Judges: Ingraham
Filed Date: 6/14/1889
Status: Precedential
Modified Date: 11/12/2024
There is no doubt but that the assignor, or his personal
representatives, would be a proper party defendant to this action,, but the question is presented whether he is a necessary party so that there is a defect of parties defendant. Section 488 of the Code, allows the defendant to demur where it appears on the face of the complaint that there is a defect of parties plaintiff or defendant; and the question must be determined by section 452 of the Code, which provides that “ where a complete determination of the controversy cannot be had without the presence of other parties, the court must direct them to be brought in.”
The controversy to be determined in this action is the settlement of the attorney’s accounts. Before there can be a complete determination of that controversy, all the parties interested in such settlement must be before the court so as to be bound by the judgment; for it is well settled that a court of equity will not compel a trustee to account, until all the parties who can require him to account are before the court; otherwise he can be required to account a second time. See principle stated in Cromer v. Pinckney, 3 Barb. Ch. 474.

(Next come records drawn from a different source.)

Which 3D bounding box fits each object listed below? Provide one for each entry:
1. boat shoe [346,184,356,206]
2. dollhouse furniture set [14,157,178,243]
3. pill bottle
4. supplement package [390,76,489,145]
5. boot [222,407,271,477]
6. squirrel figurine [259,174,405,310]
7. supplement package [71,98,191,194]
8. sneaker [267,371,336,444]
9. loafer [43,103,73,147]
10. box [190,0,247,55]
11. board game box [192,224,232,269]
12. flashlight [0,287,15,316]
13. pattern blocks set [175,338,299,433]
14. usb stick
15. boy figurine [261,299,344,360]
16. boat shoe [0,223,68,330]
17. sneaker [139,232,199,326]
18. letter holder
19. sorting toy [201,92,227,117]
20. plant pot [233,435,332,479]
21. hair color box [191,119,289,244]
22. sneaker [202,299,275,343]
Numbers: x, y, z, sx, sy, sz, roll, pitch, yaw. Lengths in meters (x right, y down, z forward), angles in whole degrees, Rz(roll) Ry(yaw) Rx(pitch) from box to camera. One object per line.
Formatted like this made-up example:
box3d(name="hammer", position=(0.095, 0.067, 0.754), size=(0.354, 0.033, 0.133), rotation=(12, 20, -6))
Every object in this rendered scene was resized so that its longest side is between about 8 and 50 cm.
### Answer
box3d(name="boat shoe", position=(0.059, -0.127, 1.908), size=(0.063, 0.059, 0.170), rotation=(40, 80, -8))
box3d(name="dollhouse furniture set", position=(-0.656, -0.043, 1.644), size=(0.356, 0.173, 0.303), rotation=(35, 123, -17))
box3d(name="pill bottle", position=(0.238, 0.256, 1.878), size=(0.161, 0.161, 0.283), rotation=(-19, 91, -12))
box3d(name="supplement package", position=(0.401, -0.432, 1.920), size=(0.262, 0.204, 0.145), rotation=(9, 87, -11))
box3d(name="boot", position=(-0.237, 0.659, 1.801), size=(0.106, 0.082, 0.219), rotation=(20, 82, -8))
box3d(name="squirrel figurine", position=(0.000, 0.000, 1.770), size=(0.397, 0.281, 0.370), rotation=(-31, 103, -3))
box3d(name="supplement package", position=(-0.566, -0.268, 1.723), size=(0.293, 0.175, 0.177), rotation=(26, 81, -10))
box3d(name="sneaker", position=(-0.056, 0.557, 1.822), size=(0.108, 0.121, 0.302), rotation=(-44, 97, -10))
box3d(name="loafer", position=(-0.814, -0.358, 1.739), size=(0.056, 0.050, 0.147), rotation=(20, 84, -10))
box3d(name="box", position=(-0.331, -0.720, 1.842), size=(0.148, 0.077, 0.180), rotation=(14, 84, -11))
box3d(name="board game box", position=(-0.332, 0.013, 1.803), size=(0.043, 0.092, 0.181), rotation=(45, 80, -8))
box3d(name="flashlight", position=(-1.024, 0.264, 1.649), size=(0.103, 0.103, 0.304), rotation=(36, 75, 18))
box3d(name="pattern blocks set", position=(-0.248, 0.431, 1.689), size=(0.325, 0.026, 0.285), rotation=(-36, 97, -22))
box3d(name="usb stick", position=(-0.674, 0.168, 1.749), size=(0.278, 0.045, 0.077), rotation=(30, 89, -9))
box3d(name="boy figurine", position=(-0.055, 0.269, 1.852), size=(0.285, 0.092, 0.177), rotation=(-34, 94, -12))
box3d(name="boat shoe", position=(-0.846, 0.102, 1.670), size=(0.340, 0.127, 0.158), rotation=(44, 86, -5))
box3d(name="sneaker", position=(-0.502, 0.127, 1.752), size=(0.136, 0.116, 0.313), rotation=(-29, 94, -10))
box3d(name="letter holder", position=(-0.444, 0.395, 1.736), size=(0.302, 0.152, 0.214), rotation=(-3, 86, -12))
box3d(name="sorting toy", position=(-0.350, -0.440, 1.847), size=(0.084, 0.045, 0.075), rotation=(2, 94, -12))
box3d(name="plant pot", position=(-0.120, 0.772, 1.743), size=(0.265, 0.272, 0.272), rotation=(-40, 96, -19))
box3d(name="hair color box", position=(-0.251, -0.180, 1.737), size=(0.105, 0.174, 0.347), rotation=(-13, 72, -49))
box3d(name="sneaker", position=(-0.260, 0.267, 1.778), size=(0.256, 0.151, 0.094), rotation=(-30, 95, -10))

The assignor is entitled to a return of the property assigned after the payment of his debts. He is therefore entitled to demand from the assignee an accounting. If he is not a party to the action in which the assignee has accounted, it is clear that the judgment in such action would be no bar to his action for an accounting, and there could not, therefore, be a complete determination of the obligation of the assignee in regard to the assigned estate. This principle is recognized by the court of appeals in Haines v. Hollister, 64 N. Y. 1, where the court, in speaking of making the personal representatives of a deceased assignor a party defendant, say: “Without all of them there would be a want of proper parties.” Section 448 of the Code does not apply, because the position of the assignor and creditors are different. The assignor stands by himself. Any one creditor may bring an action for an accounting, but there is no provision by which the provisions of a judgment for an accounting at the suit of a creditor can be extended so as to bind the assignor, where he is not a party to the action. The fact that the assignor is dead does not dispense with the necessity of having his estate represented. Where a representative of the estate is appointed, he will have a cause of action against the assignee to compel him to account, and the assignee should not be compelled "to account at all until the representative of the assignor is properly before the court. The demurrer must therefore be sustained. Judgment ordered for the defendant, with costs, with leave to the plaintiff to amend within 20 days, on payment of costs.